Actually it's called "Common Courtesy".............. I dont' come within 300yds of ANY PIER,EVER,except to fish off it!! The sign on most piers here say no closer than 100yds!! Anyone,from sailboarders,kitesurfers,jetskiers,and regular boaters should have the common courtesy to stay at least that far away!! That's not just my opinion,it is just good common sense!!


----------



## Drumdum (Jan 6, 2003)

chuck(skidmark) said:


> Hey, I've seen a couple of crazy-ass FHB's flip a sailboarder for a loop when he ran into their lines! One of 'em screamed something that sounded like "SWIM B!TCH"! Nobody that would do something like that would ever post here though.
> 
> Of course both these guys thought they had fish hooked up and were just trying to set the hook.


 Can't say fer sure who that dude wuz dat said dat,but sounds like he was right p*ssed,huh????


----------



## jobxe327 (Aug 7, 2007)

Jesse Lockowitz said:


> i remember when they did that chit to roger that day, was a big king too , want to say when they weighed it was over 40lbs too.
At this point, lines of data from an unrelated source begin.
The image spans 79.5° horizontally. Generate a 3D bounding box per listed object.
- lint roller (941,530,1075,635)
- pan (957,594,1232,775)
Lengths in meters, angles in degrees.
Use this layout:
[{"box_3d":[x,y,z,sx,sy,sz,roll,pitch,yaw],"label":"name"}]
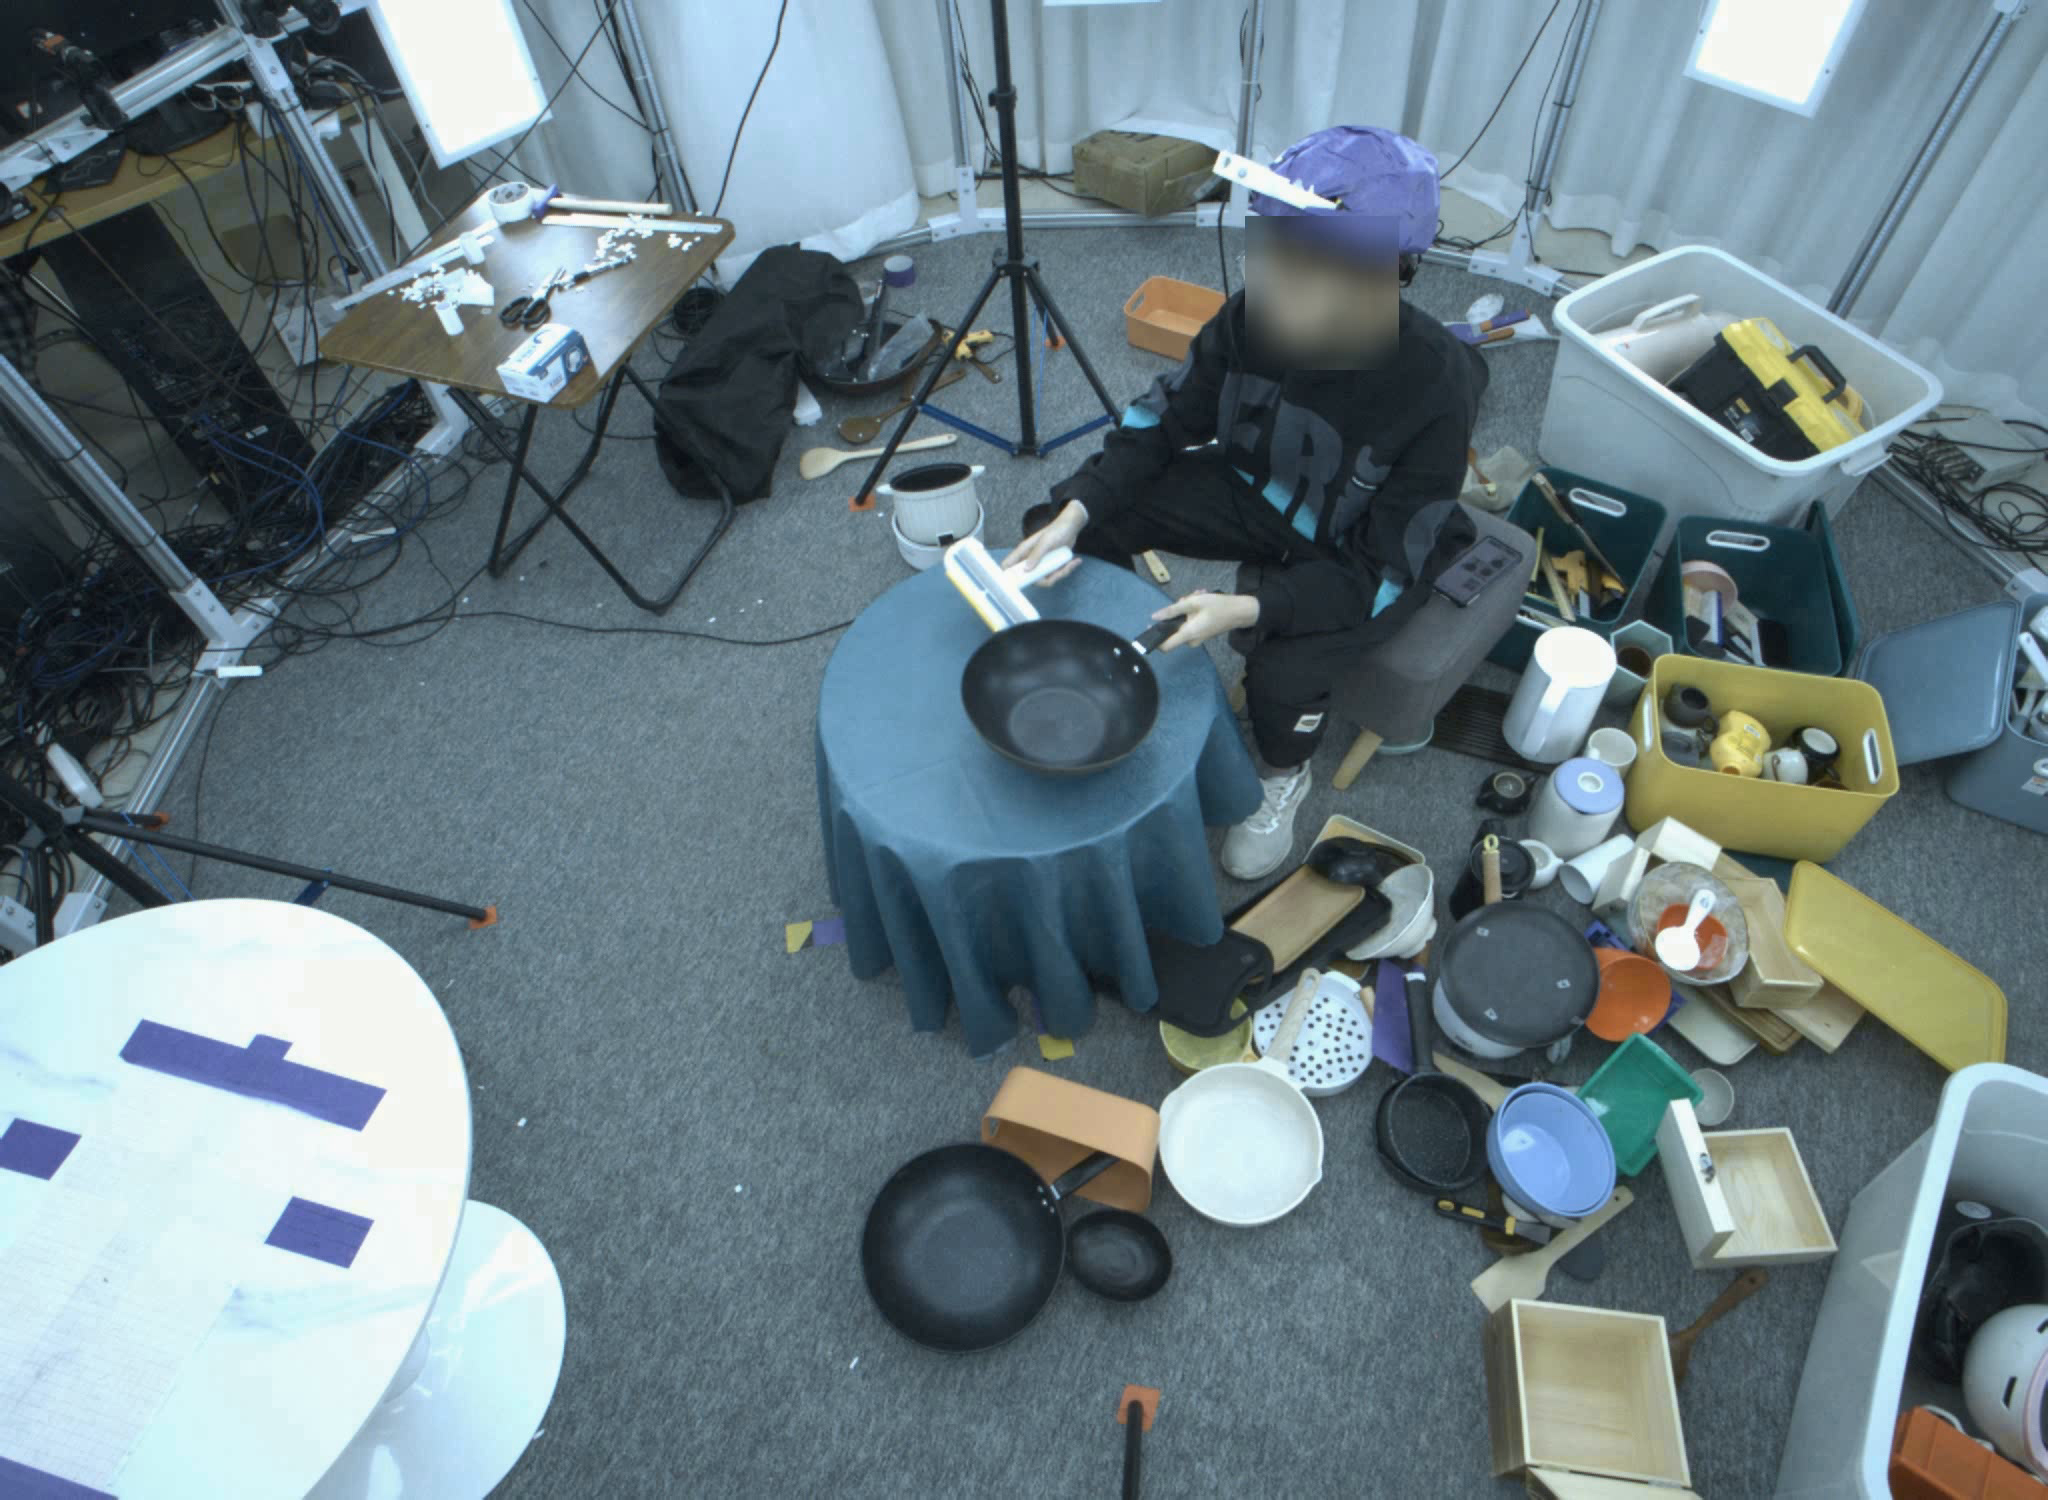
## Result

dang rite it was a big king i say if your on a pier your stationary . you cant move it seems to me that its the right thing for the boats to do is stay away.


----------



## Hester6868 (Jul 18, 2009)

*Comon Decency*

Dad and I were fishing the Frisco Pier the last year it was open in mid October. It was a beautiful day and we were catching everything imaginable as the surf was just perfect. We caught Flounder, Trout, Spot and Pompano in the surf, Black and Puppy Drum about half way out and 2-3 lb Blues and false albacore off the end. The waves were breaking about 5 feet from South to North and the staging area for all the surfers was near the end of the pier on the North Side. The biggest break seemed to be about 100 feet off the north side of the pier about 1/2 way in. 
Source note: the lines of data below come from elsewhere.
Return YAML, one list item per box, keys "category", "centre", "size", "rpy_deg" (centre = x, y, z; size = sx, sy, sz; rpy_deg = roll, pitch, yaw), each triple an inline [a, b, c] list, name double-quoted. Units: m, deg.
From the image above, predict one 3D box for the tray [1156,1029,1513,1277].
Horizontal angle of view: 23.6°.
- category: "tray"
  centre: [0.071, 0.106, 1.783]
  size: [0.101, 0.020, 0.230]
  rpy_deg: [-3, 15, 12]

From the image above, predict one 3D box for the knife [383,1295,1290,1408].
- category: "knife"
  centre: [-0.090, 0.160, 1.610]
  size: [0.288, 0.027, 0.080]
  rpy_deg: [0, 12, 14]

The pier was crowded with locals filling freezers and a few of us part time fishing residents. Things were kind of quiet as the surfers would ride within 20 feet of the pier when there was a break in the fishing action. The tollerance was not so bad on both sides until my dad hooked a large Drum. The Drum headed due North stripping line as fast as it could. Soon there was 100 yards of 14lb Mono strung north half way out on the pier. Dad was 76 at the time and was in for a long fight. As time wore on and the fish continued to run in and out, the surfers got impatient when the swells got even bigger. 

A few guys caught a big wave and the first one up was closelined by the fishing line. As he came up shouting profanity a few of his buddies started cursing at my dad like it was a deliberate action. I tried to explain that he had a fish on and it was not an intentional cast that took him down but typical surfers, they only could not listen to reason and things escilated. Three of them padled to shore and tried to enter the pier when Jim stopped them and chased the group off. 
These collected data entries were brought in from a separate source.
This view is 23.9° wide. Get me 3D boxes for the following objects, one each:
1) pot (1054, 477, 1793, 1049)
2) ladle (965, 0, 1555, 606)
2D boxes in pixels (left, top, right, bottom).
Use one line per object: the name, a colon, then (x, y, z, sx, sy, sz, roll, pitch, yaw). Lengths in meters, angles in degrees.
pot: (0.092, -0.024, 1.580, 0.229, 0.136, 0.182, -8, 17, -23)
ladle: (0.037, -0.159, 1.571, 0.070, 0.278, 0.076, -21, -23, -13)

Some unfortunate events lead up to this as some of the locals were deliberately casting large lead at them when they cut in close. It became a game for a while and we got the brunt of their anger. 

So, I have to say that regardless if you are in a boat, surfing, or on the pier itself, there should be some common decency toward your fellow man. Surfers and boaters should both respect the pier fishermen but even if they don't, the pier guys have a choice to be better people. 

Even with a stupid incident like this, we really miss the Frisco Pier. It was not a deep water pier but we have such great memories and many great days fishing it.


----------



## surf rat (Jun 30, 2004)

*Chunking*

We have a narrow inlet with a ramp here in the Bay. I have seen guys on shore try to hit boats with striper jigs that were in the channel. I saw them throw at a boat once that had a kid in it. If someone hit one of my kids in my boat with a 3 oz jig I would most likely put a gaff in their throat. Speaking of that I actually saw two guys in two boats fighting over the side at one another because one of them drifted too close to the other. One guy was waving a fillet knife and the guy in the other boat was lunging at him with a 6 ft. gaff. No kidding! He was trying his best to gaff the other guy.


----------



## new2salt (Dec 28, 2000)

JAM said:


> It's called structure Thats why they get close.. I don't blame them nor would I ever throw @ them.. Big Time Ilegal... JAM


If they want to fish structure, then they need to get off their lazy rearend and either carry/tote all their gear out a 900'+ pier or take their over priced fish catching machines and go fish some OFFSHORE structure.  If they have the money to buy the boat with all it's high dollar electronics, surely they can afford on of those new Johnny come lately things called a MAP. If they can't read that then they don't need to be on the water.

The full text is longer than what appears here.